Instructions for the task —
Each line below with the word "photo" needs to be copied.

[Dataset items]
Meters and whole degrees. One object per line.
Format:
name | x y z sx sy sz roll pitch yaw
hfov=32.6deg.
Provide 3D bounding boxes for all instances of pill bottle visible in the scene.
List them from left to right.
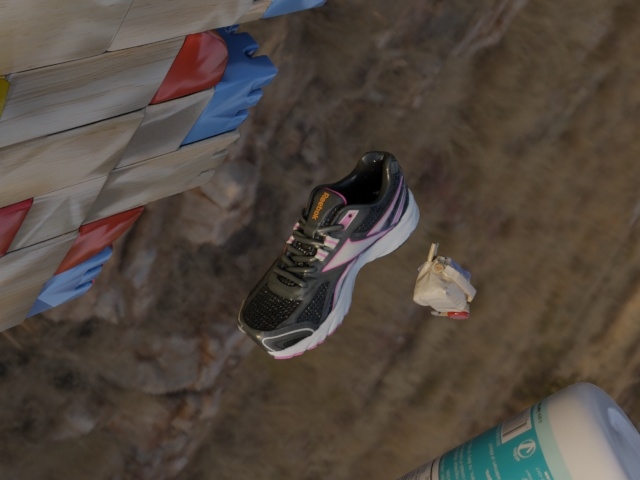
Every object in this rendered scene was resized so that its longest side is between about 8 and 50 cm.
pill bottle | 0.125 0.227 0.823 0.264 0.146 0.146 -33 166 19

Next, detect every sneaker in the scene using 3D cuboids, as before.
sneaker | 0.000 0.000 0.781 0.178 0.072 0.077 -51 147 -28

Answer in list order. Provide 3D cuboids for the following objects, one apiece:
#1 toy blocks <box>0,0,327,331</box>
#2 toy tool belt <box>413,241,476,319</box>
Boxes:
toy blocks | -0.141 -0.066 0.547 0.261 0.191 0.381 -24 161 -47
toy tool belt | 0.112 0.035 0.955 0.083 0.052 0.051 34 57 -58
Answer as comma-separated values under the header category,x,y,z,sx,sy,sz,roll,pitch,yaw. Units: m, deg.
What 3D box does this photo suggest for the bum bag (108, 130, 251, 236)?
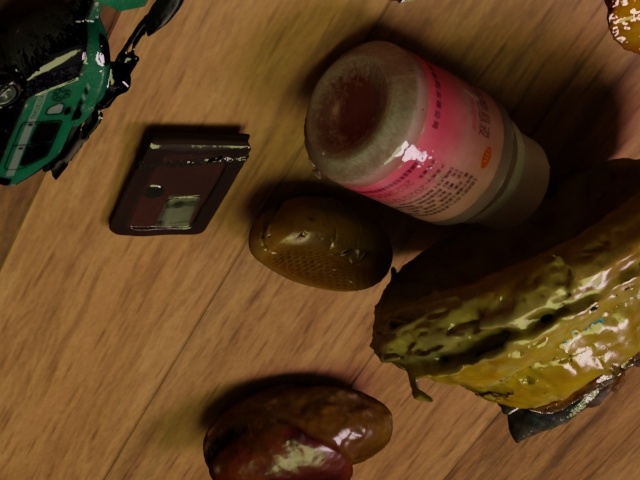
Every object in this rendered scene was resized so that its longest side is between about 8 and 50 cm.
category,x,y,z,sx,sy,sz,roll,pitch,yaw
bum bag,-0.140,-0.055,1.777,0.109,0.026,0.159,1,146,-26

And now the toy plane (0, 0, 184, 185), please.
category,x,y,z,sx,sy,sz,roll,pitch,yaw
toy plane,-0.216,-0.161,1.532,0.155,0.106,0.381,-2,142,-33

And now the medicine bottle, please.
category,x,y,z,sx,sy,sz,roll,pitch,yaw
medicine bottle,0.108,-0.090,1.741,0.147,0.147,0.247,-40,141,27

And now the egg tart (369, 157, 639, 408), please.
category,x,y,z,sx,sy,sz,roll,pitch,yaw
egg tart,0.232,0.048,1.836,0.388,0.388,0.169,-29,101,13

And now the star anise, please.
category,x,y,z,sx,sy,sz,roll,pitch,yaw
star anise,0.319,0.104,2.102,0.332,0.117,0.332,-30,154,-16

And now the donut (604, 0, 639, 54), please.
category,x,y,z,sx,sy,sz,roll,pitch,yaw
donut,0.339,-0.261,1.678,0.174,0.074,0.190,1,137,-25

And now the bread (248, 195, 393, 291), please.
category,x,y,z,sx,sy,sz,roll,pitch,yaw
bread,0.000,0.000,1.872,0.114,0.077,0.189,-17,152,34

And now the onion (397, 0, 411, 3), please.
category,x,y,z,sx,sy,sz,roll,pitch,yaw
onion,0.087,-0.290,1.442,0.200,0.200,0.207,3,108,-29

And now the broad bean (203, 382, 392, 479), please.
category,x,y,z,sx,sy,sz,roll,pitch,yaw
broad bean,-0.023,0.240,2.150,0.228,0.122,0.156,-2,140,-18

---

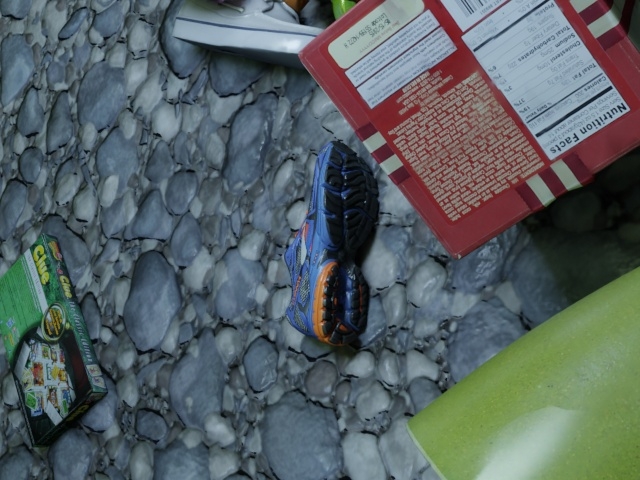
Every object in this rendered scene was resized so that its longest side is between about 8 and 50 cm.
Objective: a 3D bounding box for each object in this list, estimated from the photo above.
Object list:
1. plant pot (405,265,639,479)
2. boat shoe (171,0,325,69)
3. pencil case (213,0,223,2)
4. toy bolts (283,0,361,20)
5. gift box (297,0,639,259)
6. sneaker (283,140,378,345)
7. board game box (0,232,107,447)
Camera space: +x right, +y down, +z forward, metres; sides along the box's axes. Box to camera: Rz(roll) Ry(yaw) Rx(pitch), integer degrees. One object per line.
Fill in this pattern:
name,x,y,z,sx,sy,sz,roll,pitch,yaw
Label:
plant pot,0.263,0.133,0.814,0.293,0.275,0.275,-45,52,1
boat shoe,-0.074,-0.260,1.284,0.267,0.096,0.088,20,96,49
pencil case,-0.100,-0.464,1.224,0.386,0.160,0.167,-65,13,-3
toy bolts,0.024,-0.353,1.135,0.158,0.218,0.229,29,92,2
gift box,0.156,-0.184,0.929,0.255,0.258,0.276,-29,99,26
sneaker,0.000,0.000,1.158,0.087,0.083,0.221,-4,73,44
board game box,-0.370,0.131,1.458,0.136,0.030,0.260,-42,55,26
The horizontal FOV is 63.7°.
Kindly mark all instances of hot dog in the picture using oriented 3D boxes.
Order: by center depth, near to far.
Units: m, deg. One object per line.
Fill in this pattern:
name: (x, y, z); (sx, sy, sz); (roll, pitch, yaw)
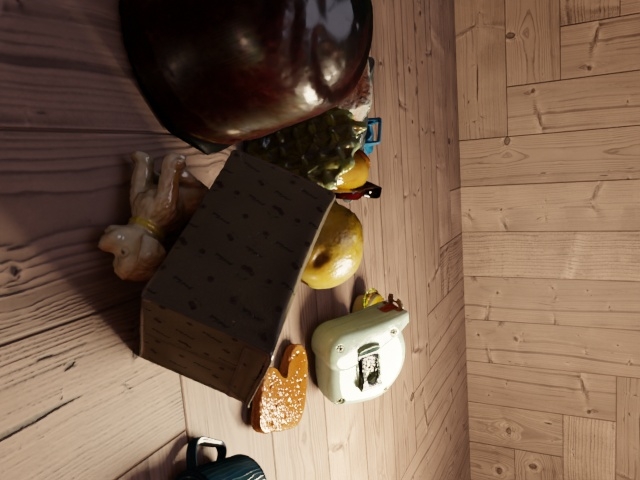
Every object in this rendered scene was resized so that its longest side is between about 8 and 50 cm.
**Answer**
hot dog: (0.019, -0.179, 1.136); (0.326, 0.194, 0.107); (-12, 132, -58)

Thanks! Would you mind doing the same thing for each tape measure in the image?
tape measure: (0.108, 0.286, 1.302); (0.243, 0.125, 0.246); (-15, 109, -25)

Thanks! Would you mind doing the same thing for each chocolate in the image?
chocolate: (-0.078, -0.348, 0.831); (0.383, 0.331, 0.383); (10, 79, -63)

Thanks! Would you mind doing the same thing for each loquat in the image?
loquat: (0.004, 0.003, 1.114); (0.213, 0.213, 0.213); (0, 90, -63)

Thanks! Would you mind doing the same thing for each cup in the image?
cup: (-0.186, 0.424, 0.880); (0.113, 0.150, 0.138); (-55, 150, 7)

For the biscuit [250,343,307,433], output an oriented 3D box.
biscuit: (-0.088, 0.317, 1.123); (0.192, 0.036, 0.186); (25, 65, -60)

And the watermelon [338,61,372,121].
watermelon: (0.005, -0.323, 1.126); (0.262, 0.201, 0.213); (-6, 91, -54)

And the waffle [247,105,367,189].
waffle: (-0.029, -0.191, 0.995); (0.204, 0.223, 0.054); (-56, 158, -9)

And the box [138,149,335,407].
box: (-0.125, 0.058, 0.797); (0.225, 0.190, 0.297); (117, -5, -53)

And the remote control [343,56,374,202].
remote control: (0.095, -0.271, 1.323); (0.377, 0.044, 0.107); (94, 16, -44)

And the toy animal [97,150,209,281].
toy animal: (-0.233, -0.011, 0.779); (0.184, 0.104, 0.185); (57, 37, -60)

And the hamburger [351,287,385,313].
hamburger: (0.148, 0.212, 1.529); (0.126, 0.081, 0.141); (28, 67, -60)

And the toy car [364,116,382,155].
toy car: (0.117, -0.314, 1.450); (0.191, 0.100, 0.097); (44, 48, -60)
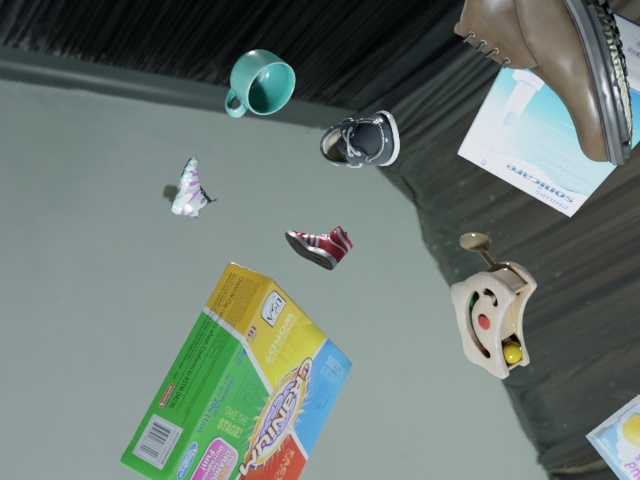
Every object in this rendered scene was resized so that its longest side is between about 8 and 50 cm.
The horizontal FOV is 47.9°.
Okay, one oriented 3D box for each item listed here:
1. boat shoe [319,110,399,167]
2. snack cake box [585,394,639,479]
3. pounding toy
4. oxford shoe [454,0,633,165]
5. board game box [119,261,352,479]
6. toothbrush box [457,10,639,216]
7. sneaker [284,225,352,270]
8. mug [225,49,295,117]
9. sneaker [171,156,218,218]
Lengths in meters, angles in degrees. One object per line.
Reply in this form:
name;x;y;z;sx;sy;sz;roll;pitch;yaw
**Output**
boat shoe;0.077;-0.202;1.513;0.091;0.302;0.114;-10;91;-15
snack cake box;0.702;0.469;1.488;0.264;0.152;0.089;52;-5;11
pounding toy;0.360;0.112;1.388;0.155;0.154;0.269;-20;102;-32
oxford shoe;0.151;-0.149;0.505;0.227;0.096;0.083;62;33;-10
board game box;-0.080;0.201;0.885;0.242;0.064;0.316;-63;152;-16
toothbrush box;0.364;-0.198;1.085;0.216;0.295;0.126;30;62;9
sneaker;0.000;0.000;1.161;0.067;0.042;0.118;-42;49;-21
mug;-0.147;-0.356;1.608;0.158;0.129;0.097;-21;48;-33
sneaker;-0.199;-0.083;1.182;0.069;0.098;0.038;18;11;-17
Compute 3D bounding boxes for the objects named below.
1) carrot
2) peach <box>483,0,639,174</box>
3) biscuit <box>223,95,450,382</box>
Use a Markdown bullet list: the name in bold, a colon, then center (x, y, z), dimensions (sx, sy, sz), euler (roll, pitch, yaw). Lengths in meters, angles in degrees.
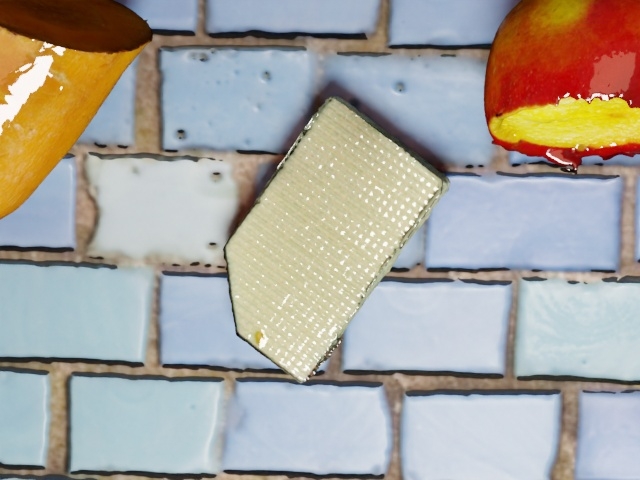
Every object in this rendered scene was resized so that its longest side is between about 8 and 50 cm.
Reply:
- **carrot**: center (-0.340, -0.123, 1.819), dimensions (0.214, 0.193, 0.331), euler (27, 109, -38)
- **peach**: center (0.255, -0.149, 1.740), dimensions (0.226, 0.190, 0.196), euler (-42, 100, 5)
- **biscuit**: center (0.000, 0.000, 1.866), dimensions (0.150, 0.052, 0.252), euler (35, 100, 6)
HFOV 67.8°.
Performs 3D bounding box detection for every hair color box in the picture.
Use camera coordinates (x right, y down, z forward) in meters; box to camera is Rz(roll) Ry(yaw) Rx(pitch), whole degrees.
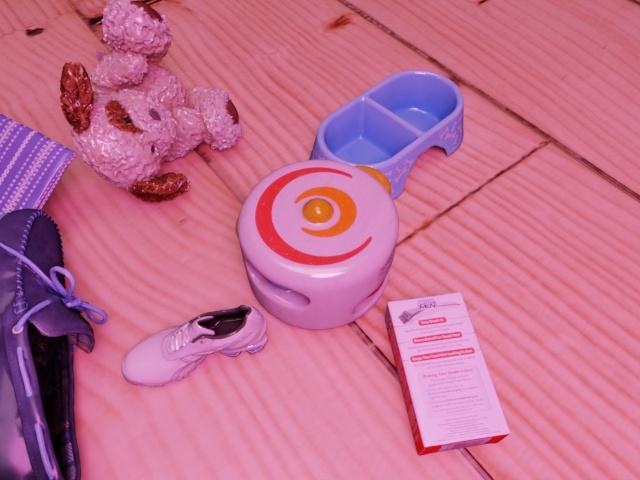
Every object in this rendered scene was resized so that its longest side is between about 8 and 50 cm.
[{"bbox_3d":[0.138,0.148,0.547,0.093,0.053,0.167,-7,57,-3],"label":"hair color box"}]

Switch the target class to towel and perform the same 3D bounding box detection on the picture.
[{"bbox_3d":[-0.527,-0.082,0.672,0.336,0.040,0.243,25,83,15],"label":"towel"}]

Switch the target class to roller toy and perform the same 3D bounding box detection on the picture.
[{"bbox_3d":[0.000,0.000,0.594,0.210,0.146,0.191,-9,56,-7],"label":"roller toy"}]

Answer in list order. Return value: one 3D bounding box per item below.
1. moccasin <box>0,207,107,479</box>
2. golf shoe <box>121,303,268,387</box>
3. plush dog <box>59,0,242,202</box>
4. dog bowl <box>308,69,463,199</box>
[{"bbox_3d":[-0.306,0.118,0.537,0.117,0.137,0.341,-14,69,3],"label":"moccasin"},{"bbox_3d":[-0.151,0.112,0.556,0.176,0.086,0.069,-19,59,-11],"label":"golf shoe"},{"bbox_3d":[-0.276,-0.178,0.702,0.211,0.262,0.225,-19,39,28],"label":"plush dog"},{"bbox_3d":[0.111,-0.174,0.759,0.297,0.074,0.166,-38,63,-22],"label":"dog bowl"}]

==

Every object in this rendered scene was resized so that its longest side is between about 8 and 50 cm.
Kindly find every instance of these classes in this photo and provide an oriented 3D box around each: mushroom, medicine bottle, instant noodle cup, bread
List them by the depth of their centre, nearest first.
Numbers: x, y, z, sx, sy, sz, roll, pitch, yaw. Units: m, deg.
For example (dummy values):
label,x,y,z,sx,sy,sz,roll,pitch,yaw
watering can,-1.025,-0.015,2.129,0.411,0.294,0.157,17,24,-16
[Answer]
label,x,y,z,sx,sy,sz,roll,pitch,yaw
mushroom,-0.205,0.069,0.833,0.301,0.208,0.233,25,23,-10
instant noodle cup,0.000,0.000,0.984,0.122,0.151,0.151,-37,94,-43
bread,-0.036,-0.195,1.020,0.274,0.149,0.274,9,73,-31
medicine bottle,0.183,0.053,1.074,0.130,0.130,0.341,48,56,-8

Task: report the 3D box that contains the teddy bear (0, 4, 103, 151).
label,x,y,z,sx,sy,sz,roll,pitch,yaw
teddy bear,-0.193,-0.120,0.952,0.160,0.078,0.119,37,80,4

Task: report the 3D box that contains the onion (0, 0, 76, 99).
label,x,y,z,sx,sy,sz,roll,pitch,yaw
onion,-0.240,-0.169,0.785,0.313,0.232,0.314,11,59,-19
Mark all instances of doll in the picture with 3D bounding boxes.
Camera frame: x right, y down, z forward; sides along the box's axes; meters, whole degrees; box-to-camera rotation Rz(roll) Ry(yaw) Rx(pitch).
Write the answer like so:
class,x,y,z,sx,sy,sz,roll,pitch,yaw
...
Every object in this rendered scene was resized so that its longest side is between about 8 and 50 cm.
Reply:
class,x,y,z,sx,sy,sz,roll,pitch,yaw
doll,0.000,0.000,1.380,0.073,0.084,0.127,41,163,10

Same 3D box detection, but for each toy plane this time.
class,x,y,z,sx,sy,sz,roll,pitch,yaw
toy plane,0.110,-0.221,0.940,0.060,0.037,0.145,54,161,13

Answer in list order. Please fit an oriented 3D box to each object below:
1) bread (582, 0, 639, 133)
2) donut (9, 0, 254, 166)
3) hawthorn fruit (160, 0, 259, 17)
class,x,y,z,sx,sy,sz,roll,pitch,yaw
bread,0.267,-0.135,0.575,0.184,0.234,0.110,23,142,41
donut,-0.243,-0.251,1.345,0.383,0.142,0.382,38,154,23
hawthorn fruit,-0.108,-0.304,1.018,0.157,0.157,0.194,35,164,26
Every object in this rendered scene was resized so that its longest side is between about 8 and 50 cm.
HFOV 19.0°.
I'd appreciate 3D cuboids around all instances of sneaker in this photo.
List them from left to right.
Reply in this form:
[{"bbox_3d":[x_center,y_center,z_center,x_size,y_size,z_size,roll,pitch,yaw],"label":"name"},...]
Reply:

Result for this exercise —
What 3D box does this photo suggest for the bum bag (108, 130, 251, 236)?
Objective: a 3D bounding box for each object in this list, estimated from the photo above.
Kindly find every instance of these classes in this photo and provide an oriented 3D box around each: mushroom, medicine bottle, instant noodle cup, bread
I'd appreciate 3D cuboids around all instances of sneaker in this photo.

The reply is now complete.